## WHAT IS EXPECTED
Although the records include pictures, print only the rest, exactly as written.

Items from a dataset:
===
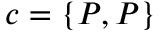Convert formula to latex. <formula><loc_0><loc_0><loc_500><loc_500>c = \{ P , P \}</formula> 
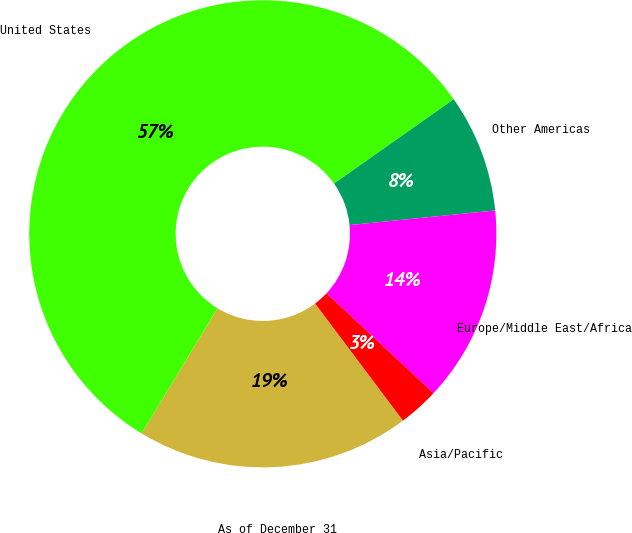<chart> <loc_0><loc_0><loc_500><loc_500><pie_chart><fcel>As of December 31<fcel>United States<fcel>Other Americas<fcel>Europe/Middle East/Africa<fcel>Asia/Pacific<nl><fcel>18.93%<fcel>56.55%<fcel>8.18%<fcel>13.55%<fcel>2.8%<nl></chart> 
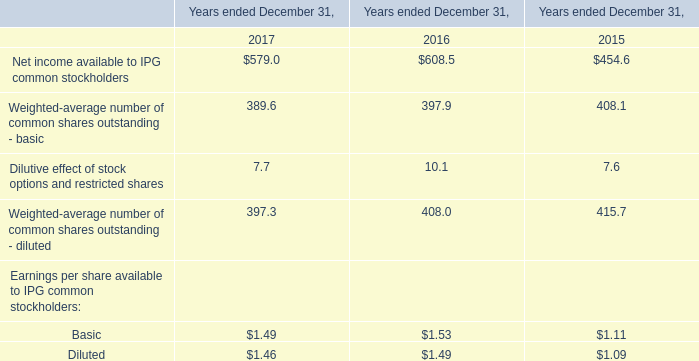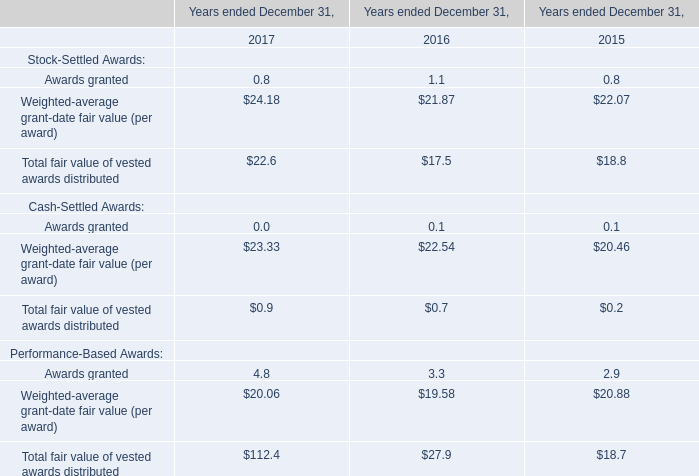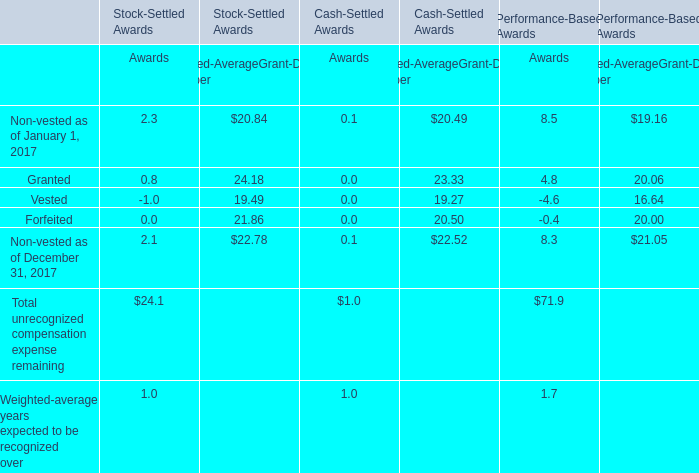Is the total amount of all elements inStock-Settled Awards greater than that in Performance-Based Awards forTotal unrecognized compensation expense remaining? 
Answer: No. 
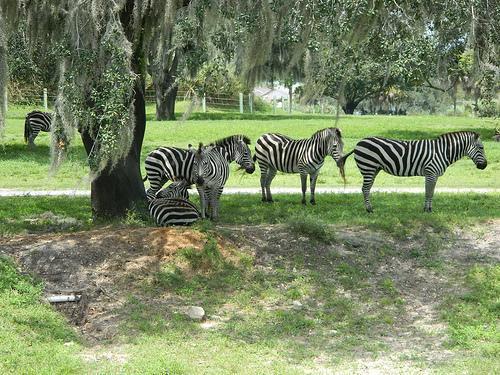How many animals are pictured?
Give a very brief answer. 6. How many people are pictured here?
Give a very brief answer. 0. 
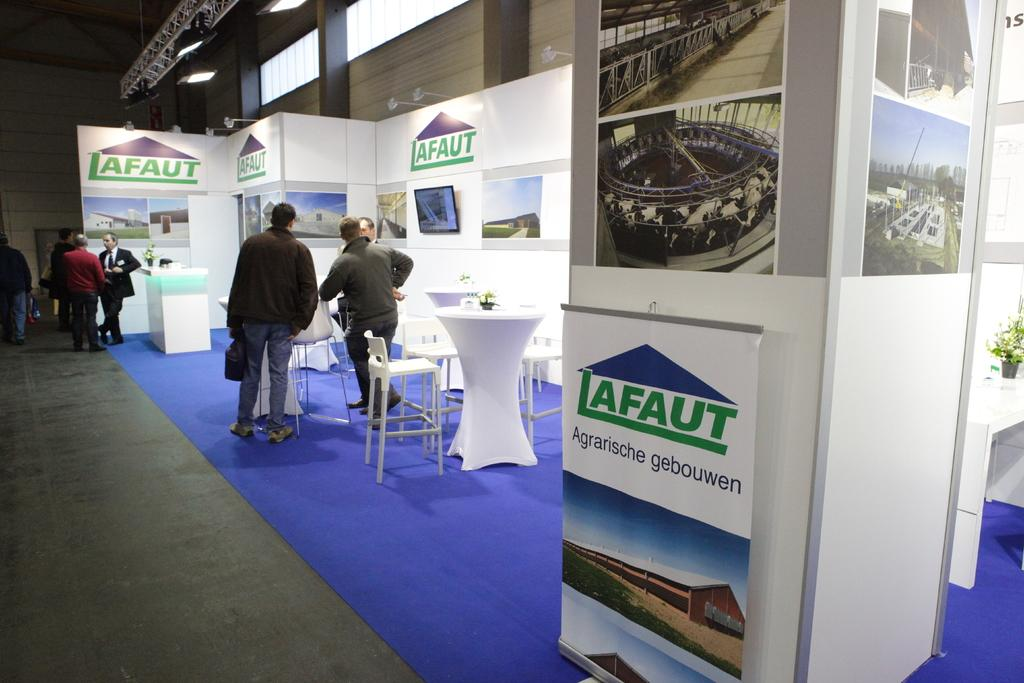<image>
Relay a brief, clear account of the picture shown. Afaut is on a sign that is hung on the wall
===
## FINAL ANSWER
Convert formula to latex. <formula><loc_0><loc_0><loc_500><loc_500>c = \{ P , P \}</formula> 
<chart> <loc_0><loc_0><loc_500><loc_500><pie_chart><fcel>As of December 31<fcel>United States<fcel>Other Americas<fcel>Europe/Middle East/Africa<fcel>Asia/Pacific<nl><fcel>18.93%<fcel>56.55%<fcel>8.18%<fcel>13.55%<fcel>2.8%<nl></chart> 
Is the total amount of all elements inStock-Settled Awards greater than that in Performance-Based Awards forTotal unrecognized compensation expense remaining? 
Answer: No. 
How many animals are pictured?
Give a very brief answer. 6. How many people are pictured here?
Give a very brief answer. 0. 
<image>
Relay a brief, clear account of the picture shown. Afaut is on a sign that is hung on the wall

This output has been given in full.